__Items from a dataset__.
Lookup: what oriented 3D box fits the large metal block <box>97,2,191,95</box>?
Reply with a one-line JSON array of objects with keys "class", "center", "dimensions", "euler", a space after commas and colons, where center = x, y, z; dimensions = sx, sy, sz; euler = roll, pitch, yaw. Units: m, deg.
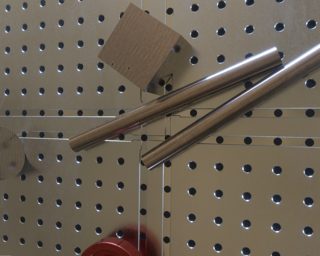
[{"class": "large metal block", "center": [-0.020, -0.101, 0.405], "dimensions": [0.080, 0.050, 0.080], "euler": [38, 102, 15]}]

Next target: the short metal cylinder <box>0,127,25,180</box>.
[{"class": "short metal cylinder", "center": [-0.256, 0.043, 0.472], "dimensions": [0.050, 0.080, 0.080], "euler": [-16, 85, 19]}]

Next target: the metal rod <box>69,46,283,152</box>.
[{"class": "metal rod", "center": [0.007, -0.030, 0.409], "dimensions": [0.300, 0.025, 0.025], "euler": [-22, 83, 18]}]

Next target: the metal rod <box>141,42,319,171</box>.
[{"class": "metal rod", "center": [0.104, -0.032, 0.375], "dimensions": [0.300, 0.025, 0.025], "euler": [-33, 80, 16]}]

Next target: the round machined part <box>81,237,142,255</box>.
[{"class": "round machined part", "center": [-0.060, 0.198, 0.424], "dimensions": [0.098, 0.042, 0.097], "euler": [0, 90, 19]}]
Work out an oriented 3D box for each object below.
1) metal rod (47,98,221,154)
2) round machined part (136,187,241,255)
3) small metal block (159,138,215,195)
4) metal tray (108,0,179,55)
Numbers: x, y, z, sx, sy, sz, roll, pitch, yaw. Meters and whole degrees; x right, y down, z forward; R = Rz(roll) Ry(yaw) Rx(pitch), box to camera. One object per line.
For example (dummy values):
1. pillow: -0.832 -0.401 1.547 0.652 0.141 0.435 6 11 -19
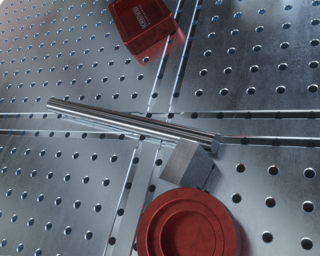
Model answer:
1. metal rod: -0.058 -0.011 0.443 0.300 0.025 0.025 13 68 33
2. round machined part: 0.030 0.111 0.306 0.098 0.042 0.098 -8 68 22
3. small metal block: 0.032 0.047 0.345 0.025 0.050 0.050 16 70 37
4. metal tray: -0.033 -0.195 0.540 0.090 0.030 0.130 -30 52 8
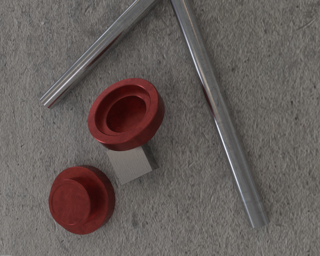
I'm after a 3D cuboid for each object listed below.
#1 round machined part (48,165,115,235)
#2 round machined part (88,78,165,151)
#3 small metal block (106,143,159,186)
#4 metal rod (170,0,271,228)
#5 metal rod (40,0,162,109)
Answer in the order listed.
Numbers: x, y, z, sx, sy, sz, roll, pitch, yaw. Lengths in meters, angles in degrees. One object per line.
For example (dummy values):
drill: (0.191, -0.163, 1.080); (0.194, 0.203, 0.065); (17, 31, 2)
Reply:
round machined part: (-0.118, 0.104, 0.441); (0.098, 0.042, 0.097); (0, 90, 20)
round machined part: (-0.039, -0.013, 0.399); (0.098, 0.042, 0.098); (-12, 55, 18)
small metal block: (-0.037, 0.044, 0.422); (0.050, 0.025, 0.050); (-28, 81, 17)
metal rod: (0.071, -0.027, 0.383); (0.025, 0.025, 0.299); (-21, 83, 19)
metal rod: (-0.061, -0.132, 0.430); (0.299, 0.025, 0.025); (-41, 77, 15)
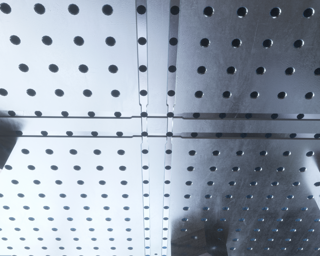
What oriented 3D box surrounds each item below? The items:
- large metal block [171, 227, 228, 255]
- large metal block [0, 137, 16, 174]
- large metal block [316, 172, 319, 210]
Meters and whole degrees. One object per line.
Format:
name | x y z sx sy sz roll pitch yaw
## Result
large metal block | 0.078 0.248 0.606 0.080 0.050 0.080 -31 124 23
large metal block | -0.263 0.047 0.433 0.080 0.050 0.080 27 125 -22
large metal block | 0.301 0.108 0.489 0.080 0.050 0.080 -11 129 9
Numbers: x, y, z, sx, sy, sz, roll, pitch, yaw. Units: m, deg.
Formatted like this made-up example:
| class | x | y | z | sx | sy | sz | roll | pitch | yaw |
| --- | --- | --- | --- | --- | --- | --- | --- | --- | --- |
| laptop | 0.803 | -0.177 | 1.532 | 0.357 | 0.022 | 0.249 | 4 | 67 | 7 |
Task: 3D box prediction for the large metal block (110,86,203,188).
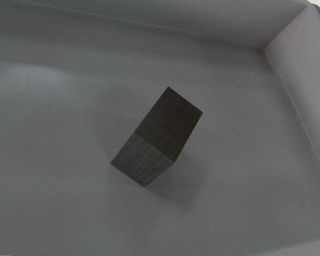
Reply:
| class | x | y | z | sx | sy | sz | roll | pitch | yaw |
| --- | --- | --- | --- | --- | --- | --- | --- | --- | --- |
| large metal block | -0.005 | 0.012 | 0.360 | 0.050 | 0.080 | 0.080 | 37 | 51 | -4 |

__What you need to do__. Pictures excluded, set down all the entries exactly.

__Answer box__.
Lookup: what oriented 3D box fits the large metal block <box>97,2,191,95</box>?
Reply with a one-line JSON array of objects with keys "class", "center", "dimensions", "euler", a space after commas and colons, where center = x, y, z; dimensions = sx, sy, sz; euler = roll, pitch, yaw. Units: m, deg.
[{"class": "large metal block", "center": [-0.020, -0.101, 0.405], "dimensions": [0.080, 0.050, 0.080], "euler": [38, 102, 15]}]

Next target: the short metal cylinder <box>0,127,25,180</box>.
[{"class": "short metal cylinder", "center": [-0.256, 0.043, 0.472], "dimensions": [0.050, 0.080, 0.080], "euler": [-16, 85, 19]}]

Next target: the metal rod <box>69,46,283,152</box>.
[{"class": "metal rod", "center": [0.007, -0.030, 0.409], "dimensions": [0.300, 0.025, 0.025], "euler": [-22, 83, 18]}]

Next target: the metal rod <box>141,42,319,171</box>.
[{"class": "metal rod", "center": [0.104, -0.032, 0.375], "dimensions": [0.300, 0.025, 0.025], "euler": [-33, 80, 16]}]

Next target: the round machined part <box>81,237,142,255</box>.
[{"class": "round machined part", "center": [-0.060, 0.198, 0.424], "dimensions": [0.098, 0.042, 0.097], "euler": [0, 90, 19]}]
Work out an oriented 3D box for each object below.
1) metal rod (47,98,221,154)
2) round machined part (136,187,241,255)
3) small metal block (159,138,215,195)
4) metal tray (108,0,179,55)
Numbers: x, y, z, sx, sy, sz, roll, pitch, yaw. Meters and whole degrees; x right, y down, z forward; R = Rz(roll) Ry(yaw) Rx(pitch), box to camera. One object per line.
For example (dummy values):
1. pillow: -0.832 -0.401 1.547 0.652 0.141 0.435 6 11 -19
Model answer:
1. metal rod: -0.058 -0.011 0.443 0.300 0.025 0.025 13 68 33
2. round machined part: 0.030 0.111 0.306 0.098 0.042 0.098 -8 68 22
3. small metal block: 0.032 0.047 0.345 0.025 0.050 0.050 16 70 37
4. metal tray: -0.033 -0.195 0.540 0.090 0.030 0.130 -30 52 8
I'm after a 3D cuboid for each object listed below.
#1 round machined part (48,165,115,235)
#2 round machined part (88,78,165,151)
#3 small metal block (106,143,159,186)
#4 metal rod (170,0,271,228)
#5 metal rod (40,0,162,109)
Answer in the order listed.
Numbers: x, y, z, sx, sy, sz, roll, pitch, yaw. Lengths in meters, angles in degrees. One object per line.
For example (dummy values):
drill: (0.191, -0.163, 1.080); (0.194, 0.203, 0.065); (17, 31, 2)
Reply:
round machined part: (-0.118, 0.104, 0.441); (0.098, 0.042, 0.097); (0, 90, 20)
round machined part: (-0.039, -0.013, 0.399); (0.098, 0.042, 0.098); (-12, 55, 18)
small metal block: (-0.037, 0.044, 0.422); (0.050, 0.025, 0.050); (-28, 81, 17)
metal rod: (0.071, -0.027, 0.383); (0.025, 0.025, 0.299); (-21, 83, 19)
metal rod: (-0.061, -0.132, 0.430); (0.299, 0.025, 0.025); (-41, 77, 15)
What oriented 3D box surrounds each item below? The items:
- large metal block [171, 227, 228, 255]
- large metal block [0, 137, 16, 174]
- large metal block [316, 172, 319, 210]
Meters and whole degrees. One object per line.
Format:
name | x y z sx sy sz roll pitch yaw
## Result
large metal block | 0.078 0.248 0.606 0.080 0.050 0.080 -31 124 23
large metal block | -0.263 0.047 0.433 0.080 0.050 0.080 27 125 -22
large metal block | 0.301 0.108 0.489 0.080 0.050 0.080 -11 129 9
Numbers: x, y, z, sx, sy, sz, roll, pitch, yaw. Units: m, deg.
Formatted like this made-up example:
| class | x | y | z | sx | sy | sz | roll | pitch | yaw |
| --- | --- | --- | --- | --- | --- | --- | --- | --- | --- |
| laptop | 0.803 | -0.177 | 1.532 | 0.357 | 0.022 | 0.249 | 4 | 67 | 7 |
Task: 3D box prediction for the large metal block (110,86,203,188).
Reply:
| class | x | y | z | sx | sy | sz | roll | pitch | yaw |
| --- | --- | --- | --- | --- | --- | --- | --- | --- | --- |
| large metal block | -0.005 | 0.012 | 0.360 | 0.050 | 0.080 | 0.080 | 37 | 51 | -4 |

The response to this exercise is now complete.